Она предлагает Турбанову чай. На ней уютное домашнее платье, похожее на кимоно, и волосы убраны и заколоты, как у японки. Он говорит: «У нас тут прямо чайная церемония», – и пытается завести светскую беседу. Например, про Гринуэя.
«Питер пригласил меня сниматься в “Чемоданах”, но мы не сошлись уже на пробах. Я должна была стоять совершенно голая по стойке “смирно”, пока они будут снимать крупными планами отдельные части тела: низ живота, груди, ступни. Я сказала, что мне это неинтересно, он настаивал, даже уверял, что переделает сценарий. Всё равно не договорились. Там, кажется, потом Литвинова снялась».
После второй чашки они возвращаются к теме фотографических принадлежностей, и Агата заявляет о готовности сейчас же пойти в кладовку, чтобы совершить восхождение на антресоль. Хотя риск немалый, что греха таить. Турбанов предлагает себя на роль дублёра, потому что его тайные призвания – каскадёр и Бэтмен, но она даёт ему разрешение только страховать.
Табуретки, принесённой в тесную кладовку, явно недостаточно, и они вдвоём тащат из прихожей маленькую, но неподъёмную обувную тумбочку. Агата извиняется: «Это потому, что настоящий дуб».
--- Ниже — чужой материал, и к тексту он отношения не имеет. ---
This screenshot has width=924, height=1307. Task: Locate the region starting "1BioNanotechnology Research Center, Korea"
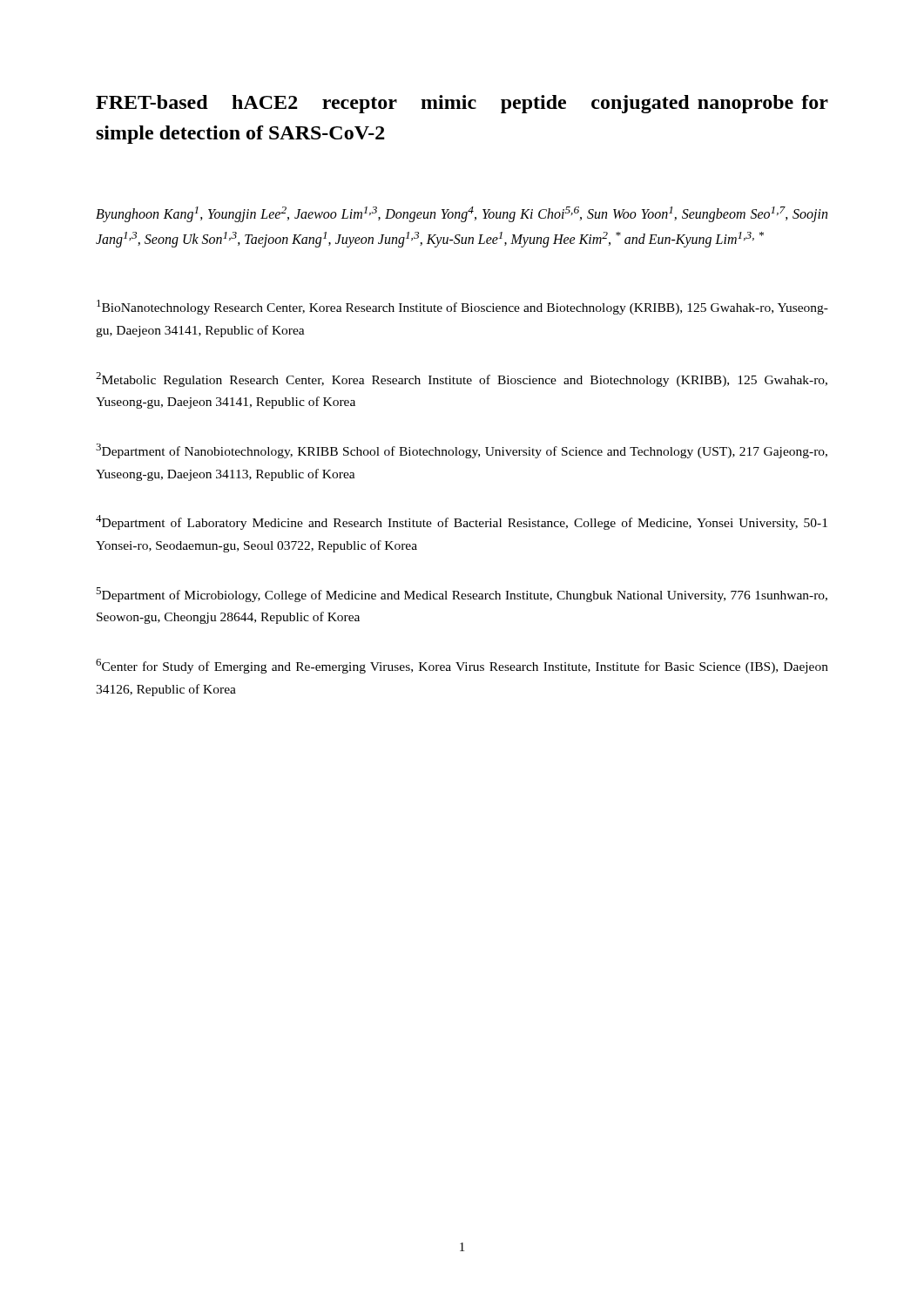pyautogui.click(x=462, y=317)

Она снимает домашние шлёпанцы, влезает босая на тумбочку, потом – на табуретку и плавно уходит за облака. Турбанов страхует со всей ответственностью и с блаженным выражением лица. На первой же минуте восхождения табуретка даёт опасный крен, соскальзывая одной ножкой с тумбочки, и недремлющий Турбанов с такой силой обнимает колени и бёдра Агаты, что ей могут позавидовать все альпинисты всех времён. Ещё через минуту с антресоли со страшным грохотом падает ящик с фотоувеличителем. Но Бэтмен даже не вздрагивает и не ослабляет хватку.
Агата с заоблачной высоты очень тихо и осторожно трогает голову Турбанова, затем постепенно расслабляется и оседает ему на плечо.
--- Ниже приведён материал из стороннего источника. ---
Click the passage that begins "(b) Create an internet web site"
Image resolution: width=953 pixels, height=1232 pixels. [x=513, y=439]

В следующие сорок минут не произносится ни единого слова, но случается тьма чрезвычайно важных, ослепительных и нелегальных событий, заставляющих если не забыть, то уж точно отодвинуть в сторону всю предыдущую жизнь.
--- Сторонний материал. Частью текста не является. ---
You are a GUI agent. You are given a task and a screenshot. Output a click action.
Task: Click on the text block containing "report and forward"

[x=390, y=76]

У них обоих внезапно сели голоса, поэтому сорокаминутное молчание прерывается хрипловатым шёпотом, как будто переговариваются два тайных агента, причём оба не вполне различают, кто из них кто:
«Мне нужно под душ».
«Мне тоже».
«Можем пойти вдвоём».
«Да, лучше вдвоём».
«Вдруг надо будет подстраховать».
Утро понедельника началось с пятидесятистраничной анкеты, которую он нашёл у себя на рабочем столе. Анкета называлась «Контроль за истинностью веры и православного благочестия».
Самые деликатные вопросы были такие: «Как часто ты забываешь прочесть молитву перед употреблением продуктов питания?» и «Сколько врагов национальной духовности выявил(а) лично ты?» Турбанов ставил галочки наугад, почти зажмурившись, пытаясь отдельные пункты как бы не заметить, проскочить, но сломался на последних страницах, где был выложен список всех сотрудников конторы – от министра Надреева до уборщицы Урядовой – и нужно было оценить степень благочестия каждого по пятибалльной шкале.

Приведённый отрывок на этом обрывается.